Graph Neural Networks (GNNs) achieve high performance in various real-world applications, such as drug discovery, traffic states prediction, and recommendation systems. The fact that building powerful GNNs requires a large amount of training data, powerful computing resources, and human expertise turns the models into lucrative targets for model stealing attacks. Prior work has revealed that the threat vector of stealing attacks against GNNs is large and diverse, as an attacker can leverage various heterogeneous signals ranging from node labels to high-dimensional node embeddings to create a local copy of the target GNN at a fraction of the original training costs. This diversity in the threat vector renders the design of effective and general defenses challenging and existing defenses usually focus on one particular stealing setup. Additionally, they solely provide means to identify stolen model copies rather than preventing the attack. To close this gap, we propose the first and general Active Defense Against GNN Extraction (ADAGE). ADAGE builds on the observation that stealing a model's full functionality requires highly diverse queries to leak its behavior across the input space. Our defense monitors this query diversity and progressively perturbs outputs as the accumulated leakage grows. In contrast to prior work, ADAGE can prevent stealing across all common attack setups.

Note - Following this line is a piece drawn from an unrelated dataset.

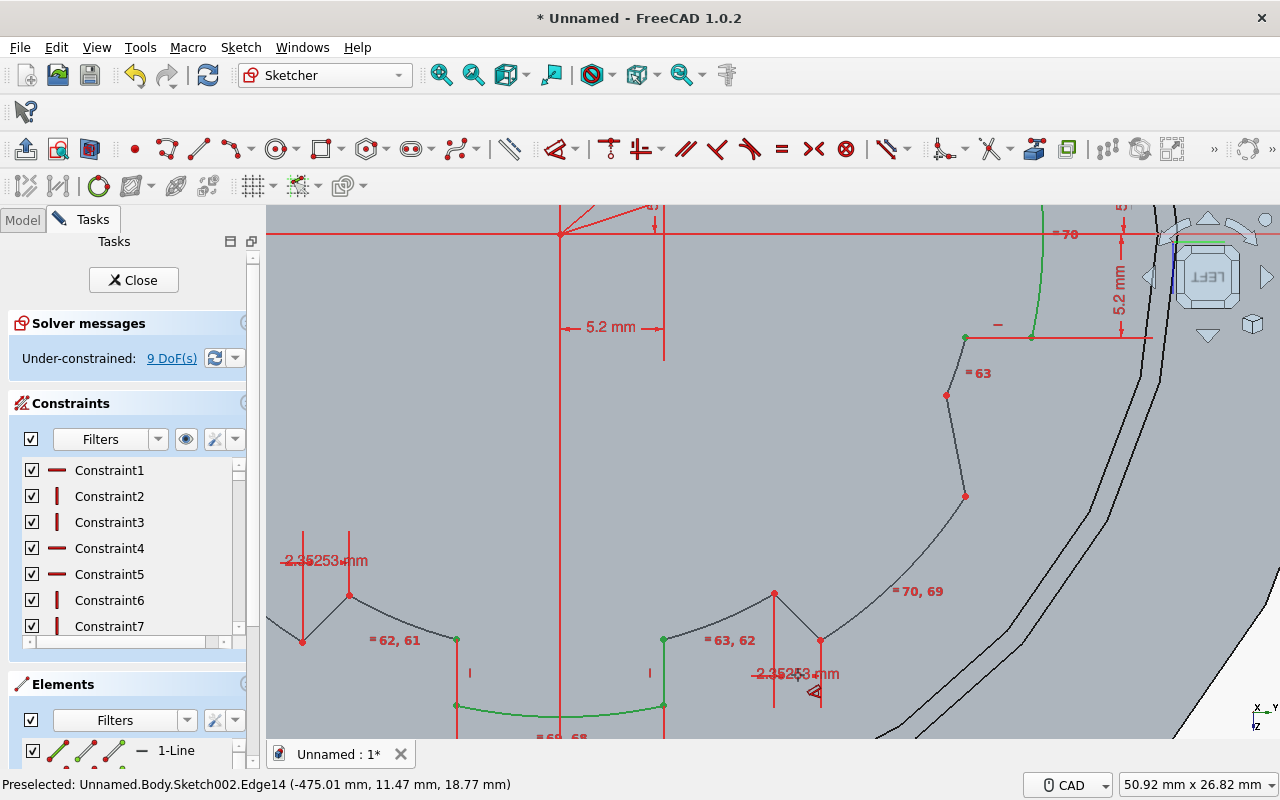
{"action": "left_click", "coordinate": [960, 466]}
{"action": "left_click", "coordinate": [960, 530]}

Our extensive experimental evaluation using six benchmark datasets, four GNN models, and three types of adaptive attackers shows that ADAGE penalizes attackers to the degree of rendering stealing impossible, whilst preserving predictive performance on downstream tasks. ADAGE, thereby, contributes towards securely sharing valuable GNNs in the future.

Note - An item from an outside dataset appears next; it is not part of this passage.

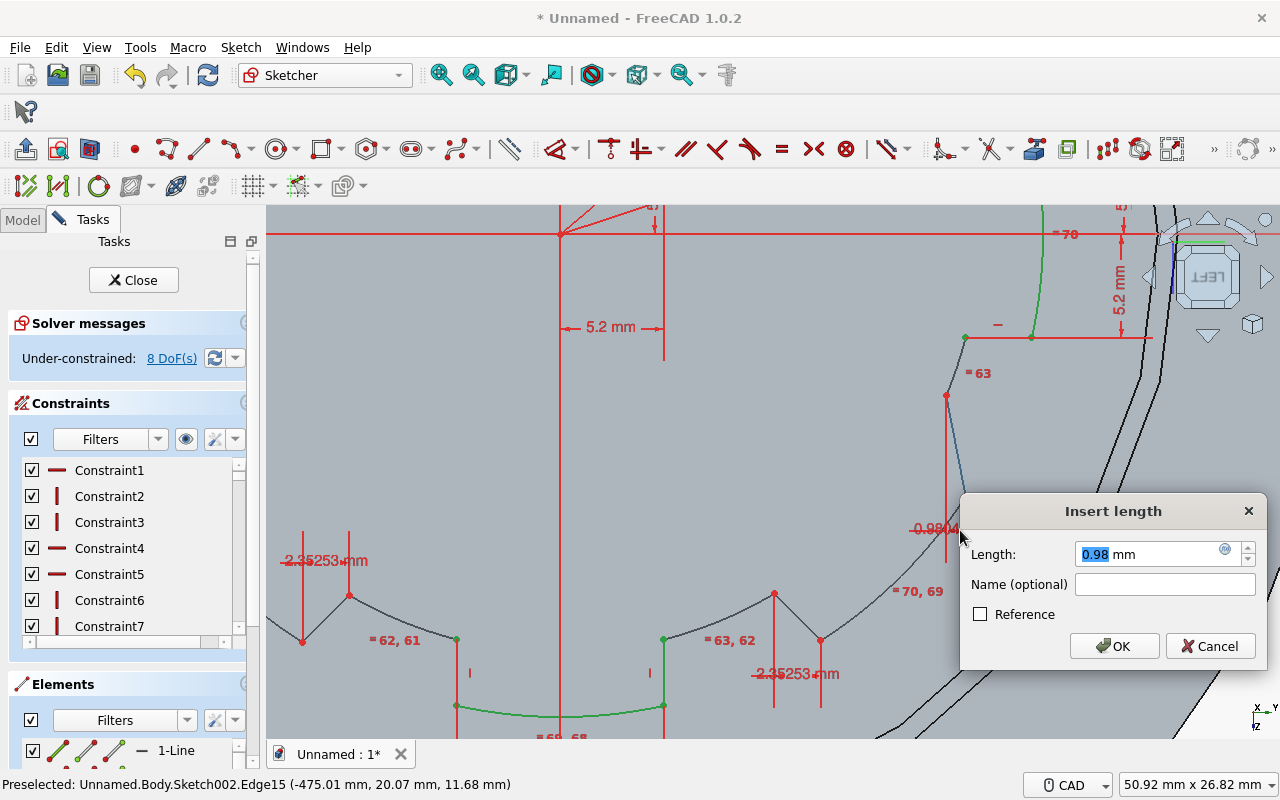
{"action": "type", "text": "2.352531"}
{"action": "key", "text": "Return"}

翻译：图神经网络（GNN）在药物发现、交通状态预测和推荐系统等各类现实应用中取得了高性能。构建强大GNN需要大量训练数据、强大计算资源和人类专业知识，这一事实使模型成为模型窃取攻击的有利可图目标。先前研究表明，针对GNN的窃取攻击威胁向量广泛且多样，攻击者可利用从节点标签到高维节点嵌入等各种异构信号，以原始训练成本的一小部分创建目标GNN的本地副本。威胁向量的这种多样性使得设计有效且通用的防御策略充满挑战，现有防御通常专注于特定窃取场景，且仅提供识别被盗模型副本而非阻止攻击的手段。为弥补这一空白，我们提出了首个通用型GNN窃取主动防御方法（ADAGE）。ADAGE基于以下观察：窃取模型的完整功能需要高度多样化的查询以泄露其在输入空间中的行为。我们的防御机制监控这种查询多样性，并随着累积泄露的增加逐步扰动输出。与先前工作相比，ADAGE可在所有常见攻击场景中阻止窃取。我们使用六个基准数据集、四种GNN模型和三种自适应攻击者进行的广泛实验评估表明，ADAGE能将攻击者惩罚至窃取不可行的程度，同时保留下游任务的预测性能。ADAGE由此为未来安全共享宝贵GNN做出了贡献。